Data to process:
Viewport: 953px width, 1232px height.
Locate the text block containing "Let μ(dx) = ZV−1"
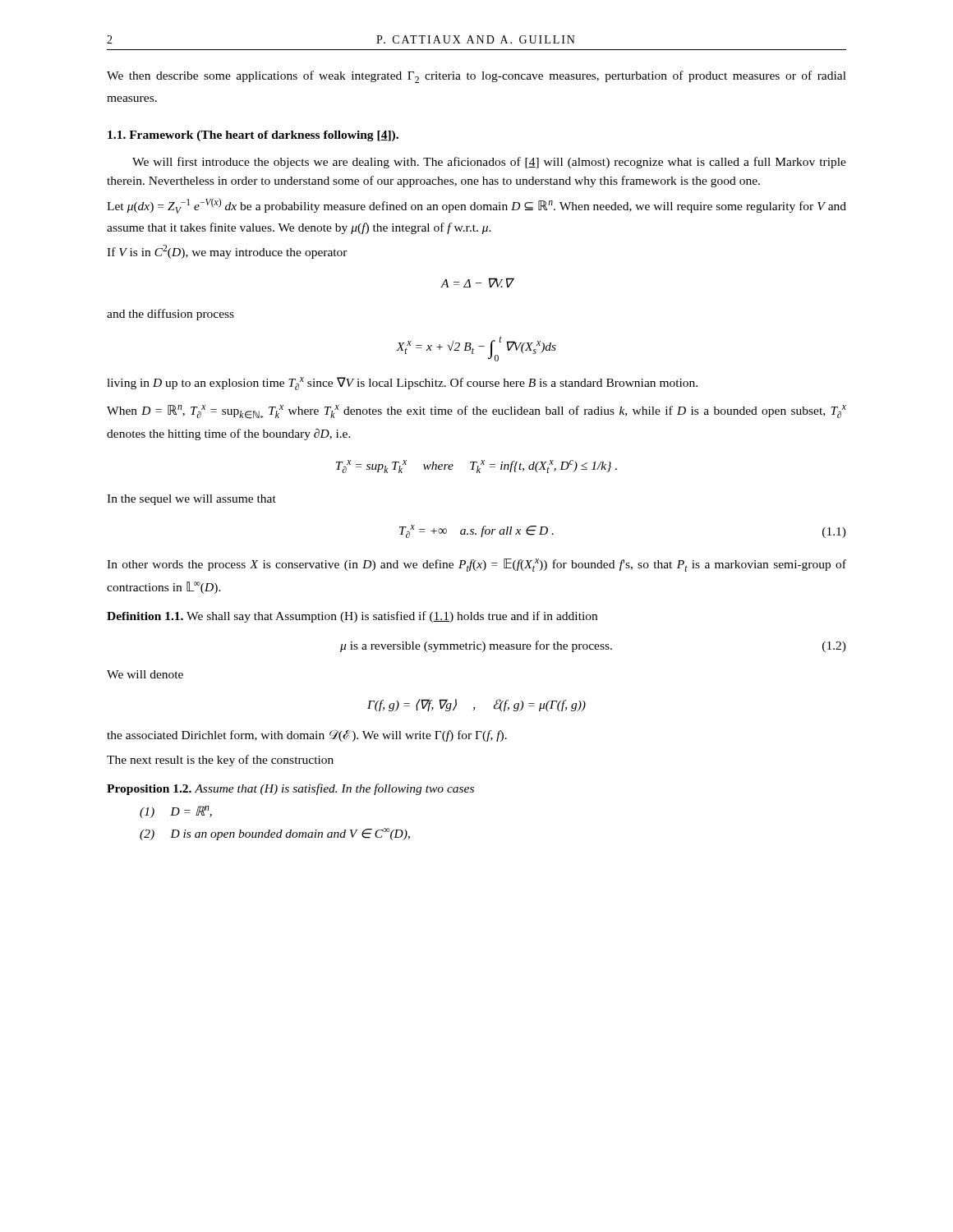pos(476,215)
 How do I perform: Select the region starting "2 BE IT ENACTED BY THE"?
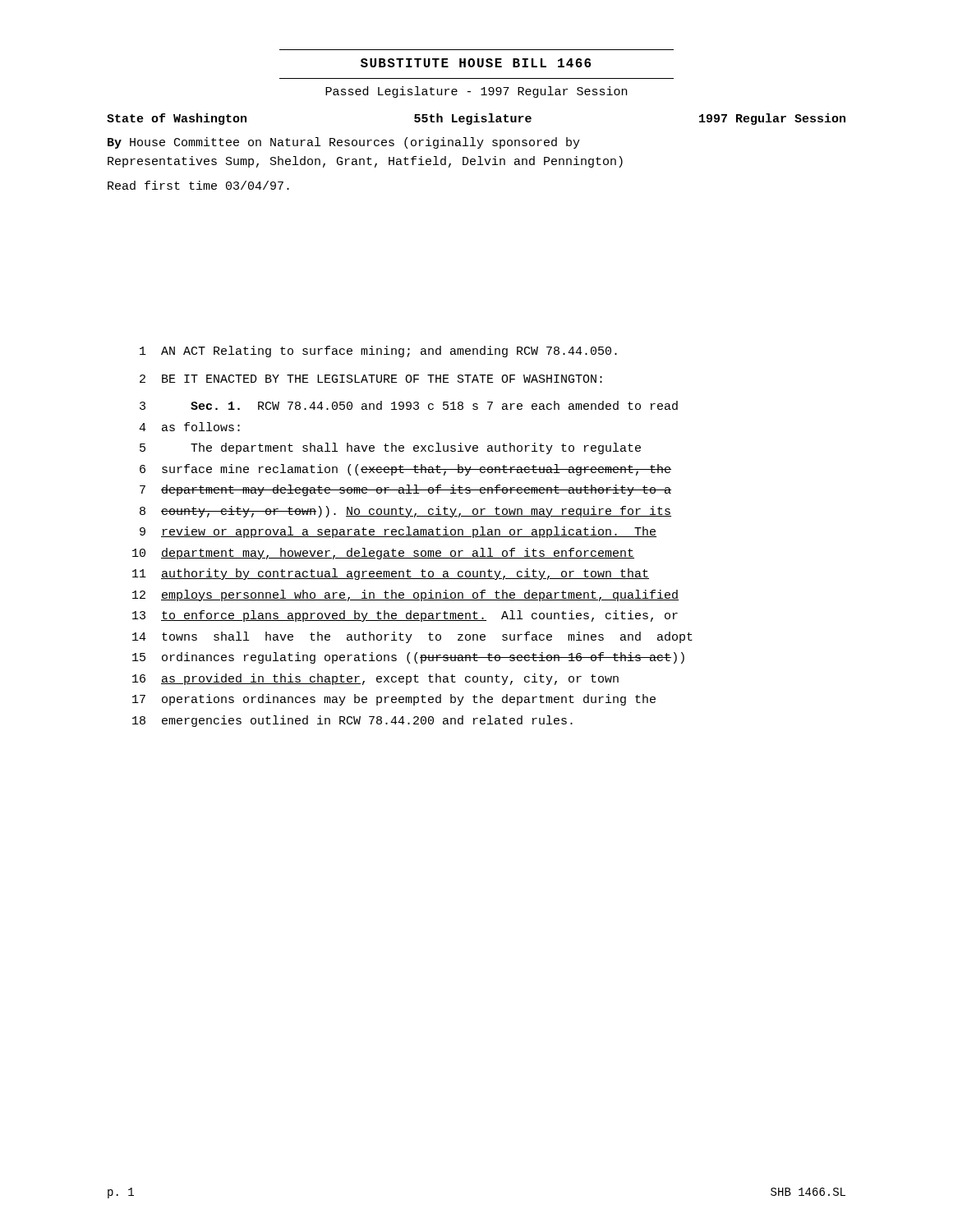[476, 380]
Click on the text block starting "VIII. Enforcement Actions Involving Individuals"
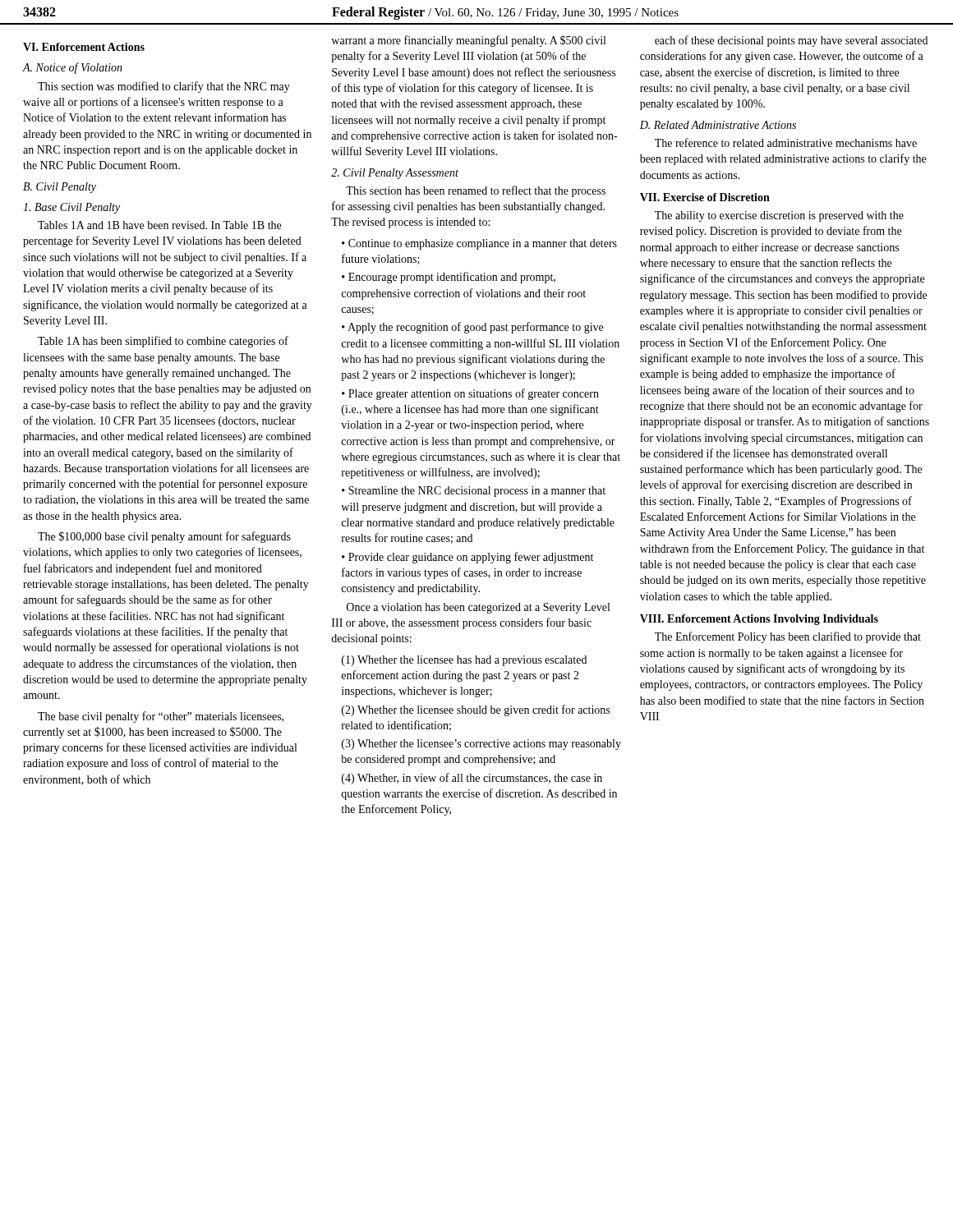 [759, 619]
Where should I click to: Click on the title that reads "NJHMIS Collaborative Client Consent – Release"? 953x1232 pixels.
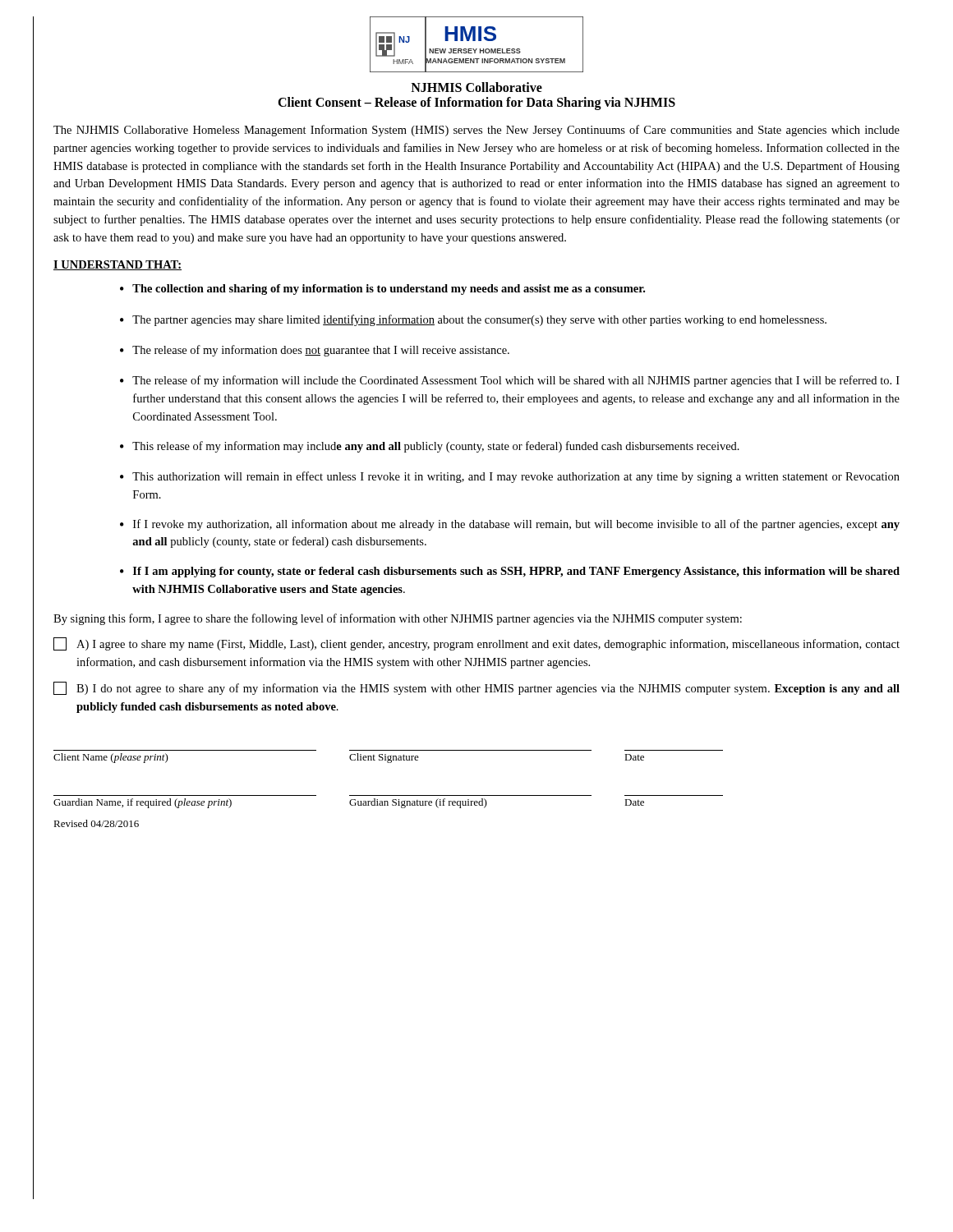(x=476, y=95)
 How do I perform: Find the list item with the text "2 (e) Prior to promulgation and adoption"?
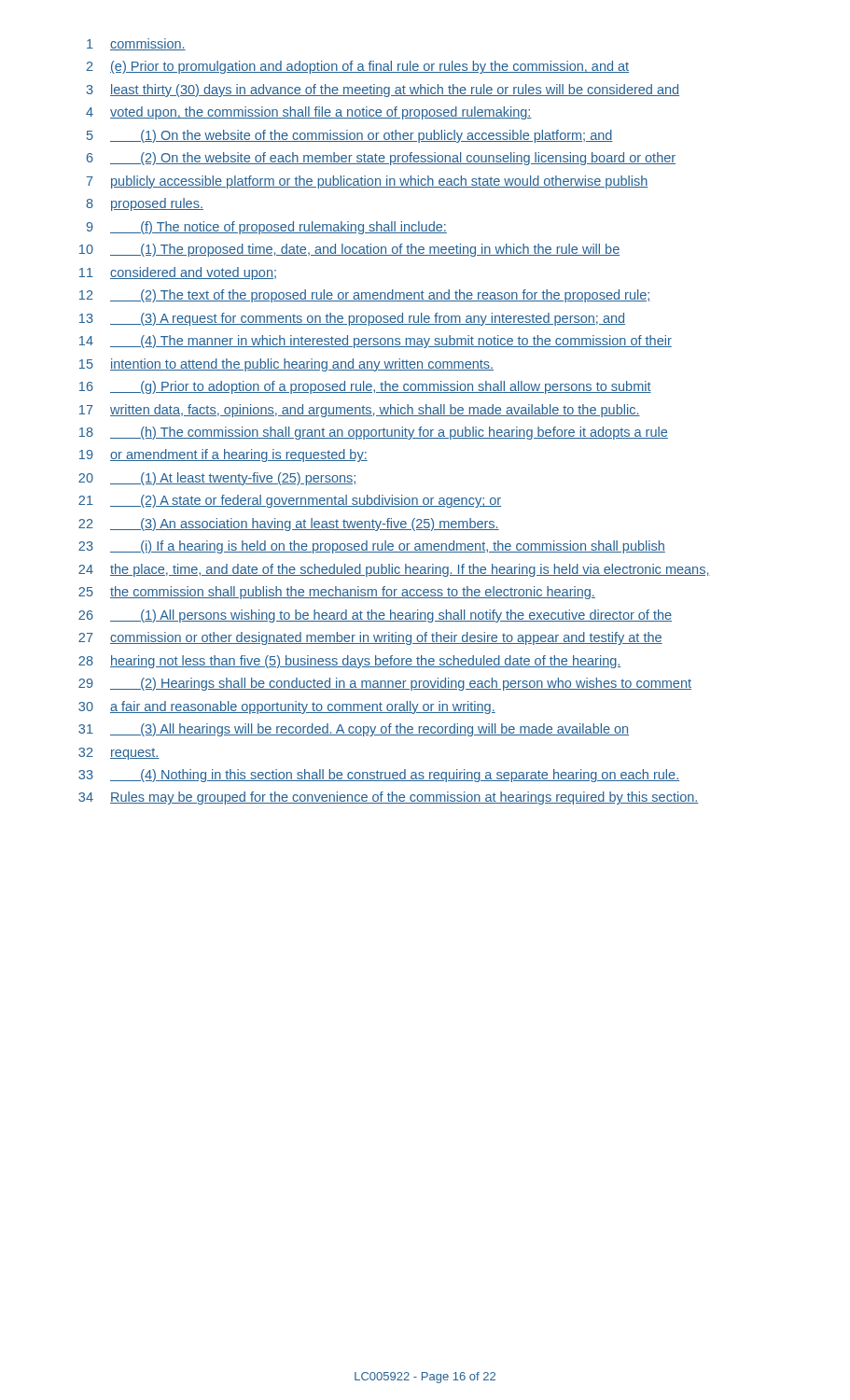pos(431,67)
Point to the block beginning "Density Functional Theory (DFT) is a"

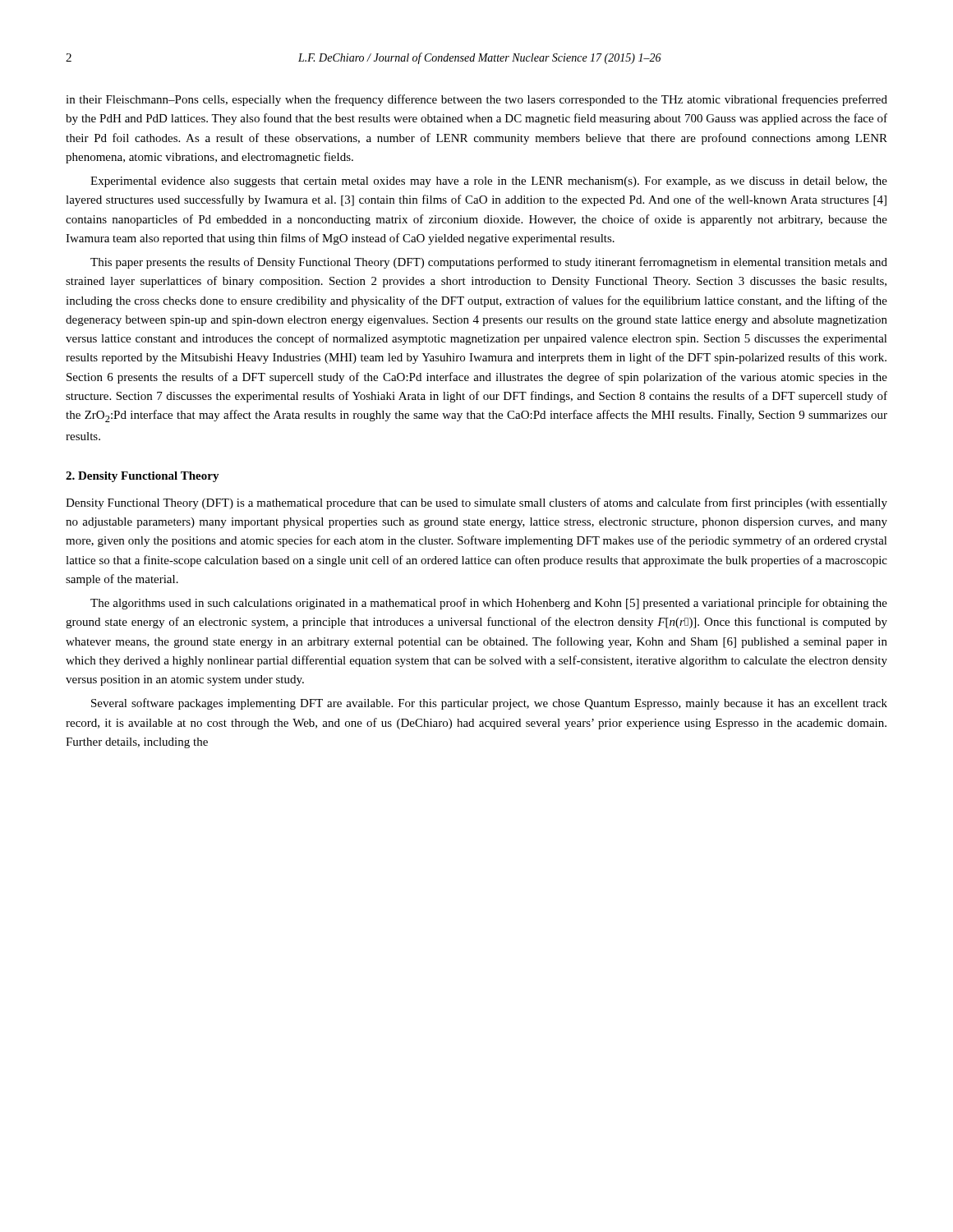476,541
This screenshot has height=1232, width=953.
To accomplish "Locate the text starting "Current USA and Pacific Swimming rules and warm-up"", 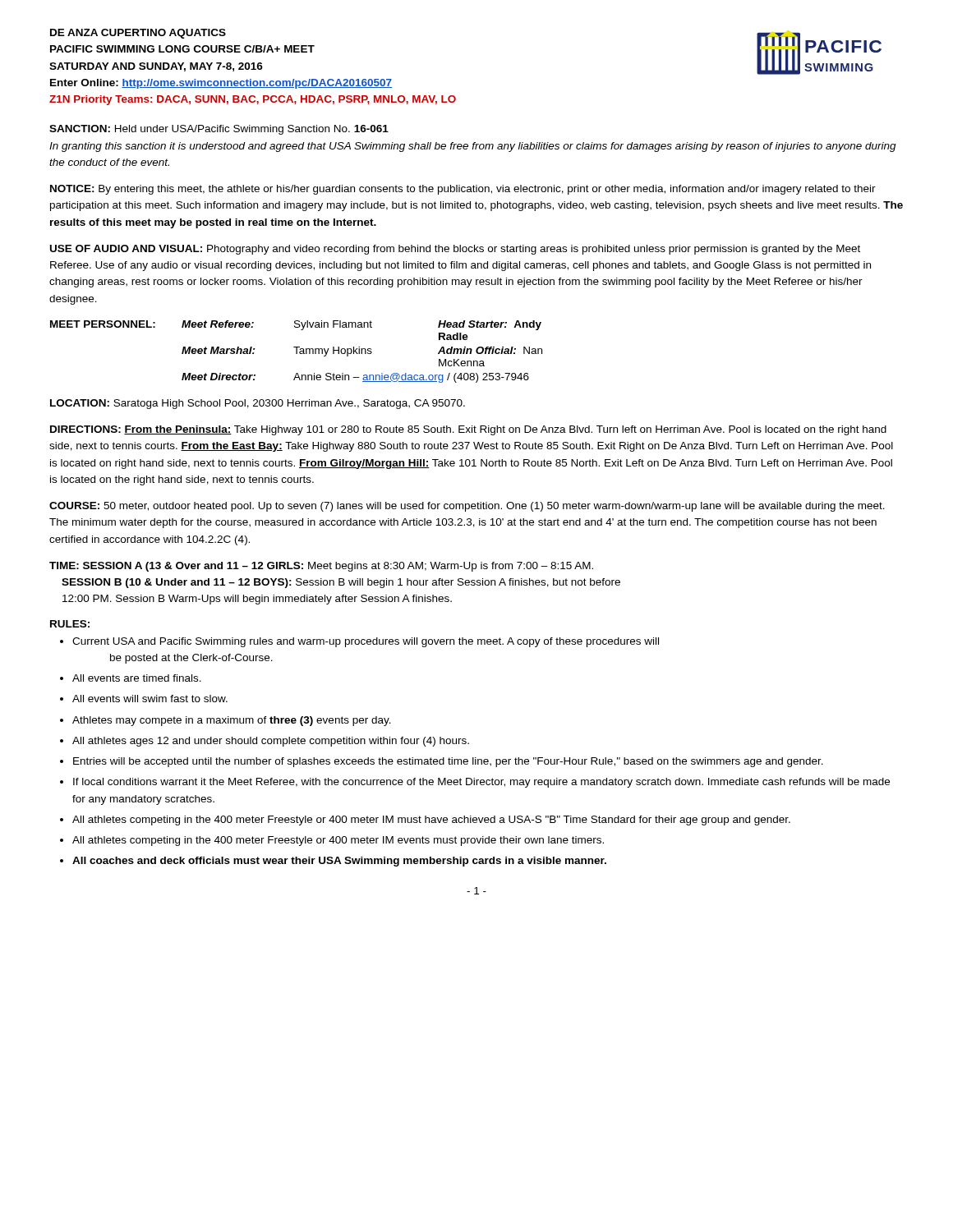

Activity:
Your answer must be an exact copy of the records, minus any pictures.

Task result:
Viewport: 953px width, 1232px height.
Locate the text block containing "Let μ(dx) = ZV−1"
pos(476,215)
 How do I perform: Select the region starting "2 BE IT ENACTED BY THE"?
[476, 380]
Click on the text block starting "VIII. Enforcement Actions Involving Individuals"
 [759, 619]
Where should I click to: Click on the title that reads "NJHMIS Collaborative Client Consent – Release"? 953x1232 pixels.
(x=476, y=95)
 How do I perform: Find the list item with the text "2 (e) Prior to promulgation and adoption"?
pos(431,67)
Point to the block beginning "Density Functional Theory (DFT) is a"

476,541
This screenshot has height=1232, width=953.
To accomplish "Locate the text starting "Current USA and Pacific Swimming rules and warm-up"", 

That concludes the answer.